Facts from hearing on motion to suppress. We summarize the facts found by the motion judge after the evidentiary hearing on the defendant's motion to suppress and supplement these findings with uncontested evidence from the hearing.
On July 18, 2011, at approximately 7:00 P.M. , Officer Richard Fucci of the Lynn police department was conducting surveillance in the area of Western Avenue and Ida Street, known as a high crime area where many drug offenses and crimes of violence had taken place. Fucci testified that he had made numerous drug arrests in this area and that the Prime Gas Station is a common place for drug transactions.
Fucci observed a red Dodge motor vehicle back into a parking space at the gas station. The driver of the Dodge, later identified as the defendant, did not exit the vehicle; instead, he appeared to be looking around while in the vehicle. The defendant then drove out of the parking lot, traveled about 100 feet, and parked in front of 19 Camden Street where he continued to look around.

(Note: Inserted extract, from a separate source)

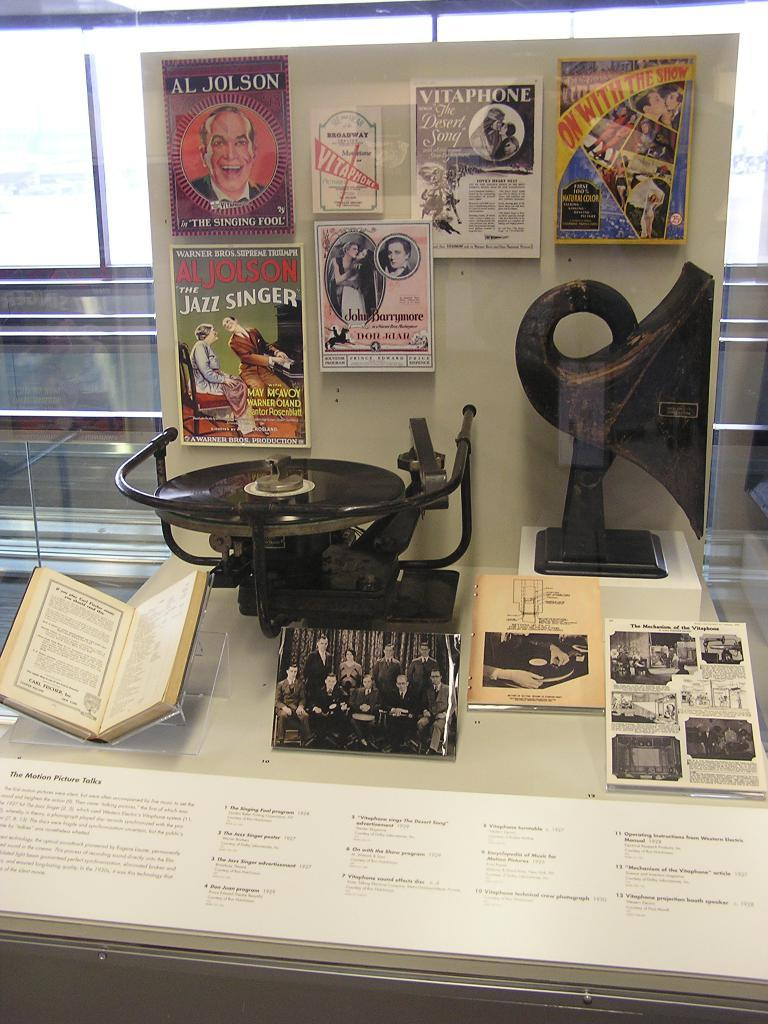<image>
Relay a brief, clear account of the picture shown. A display about The Motion Picture Talks with a display sign. 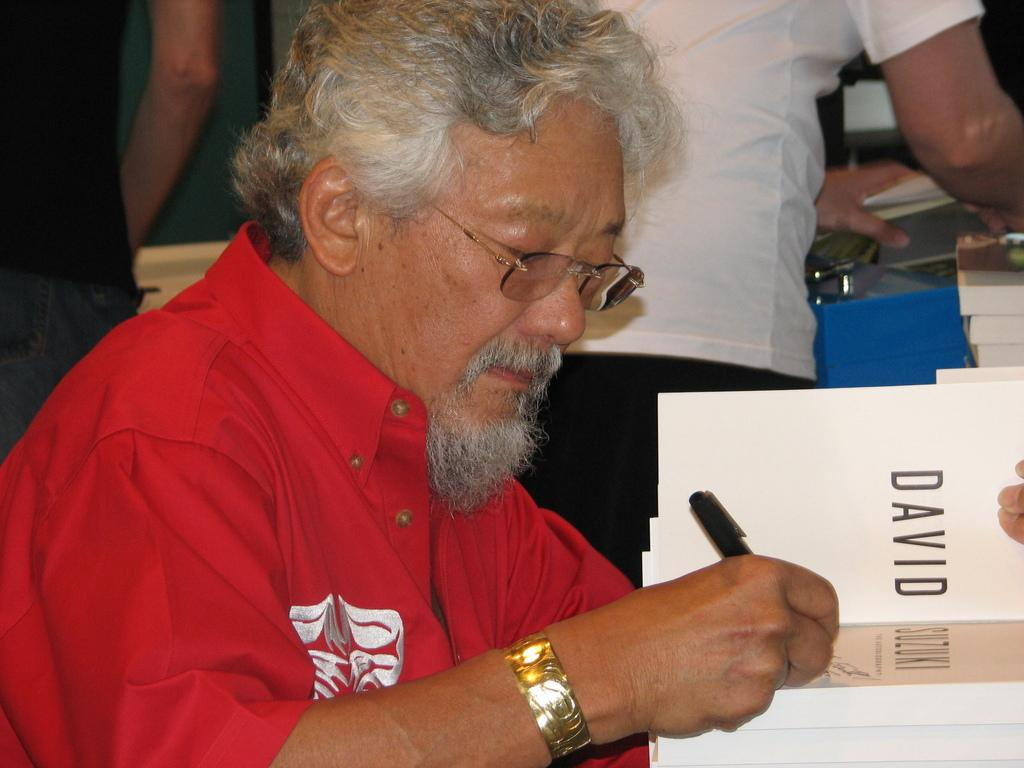Who is the main subject in the image? There is a man in the image. What is the man holding in his hands? The man is holding a book and a pen. What can be seen near the man in the image? There are people standing near a table. What is on the table in the image? The table contains books. Can you see a stamp on the agreement that the man is holding in the image? There is no agreement or stamp present in the image.

Fucci called for backup and was joined on the scene by Officer Michael Kelter.2 The officers observed the defendant make a brief telephone call; then they saw a green Ford vehicle travel down Camden Street and stop across from the defendant's Dodge. The defendant then exited the Dodge and got into the Ford through the front passenger door.
After running the Ford's license plate, Fucci drove up alongside the vehicle with the nose of his unmarked cruiser facing toward the nose of the Ford; Kelter pulled in behind the Ford. The officers did not activate their vehicles' lights or sirens. The Ford was not blocked in, and could have proceeded forward. Fucci then approached the driver while Kelter approached the defendant, who was still in the front passenger seat. As Fucci identified himself as "Lynn Police," he observed a large quantity of cash and an empty plastic bag on the center console of the vehicle. Fucci testified that Kelter told him he had seen the defendant "bend down under the passenger seat."
At that point, Kelter ordered the defendant out of the vehicle. The defendant complied, telling Kelter that he did not have anything on him and that the officer could check him. Kelter pat frisked the defendant, but found nothing of note. Kelter looked under the front passenger seat of the vehicle and found a large quantity of what appeared to be cocaine. Both the defendant and the driver of the Ford were taken into custody.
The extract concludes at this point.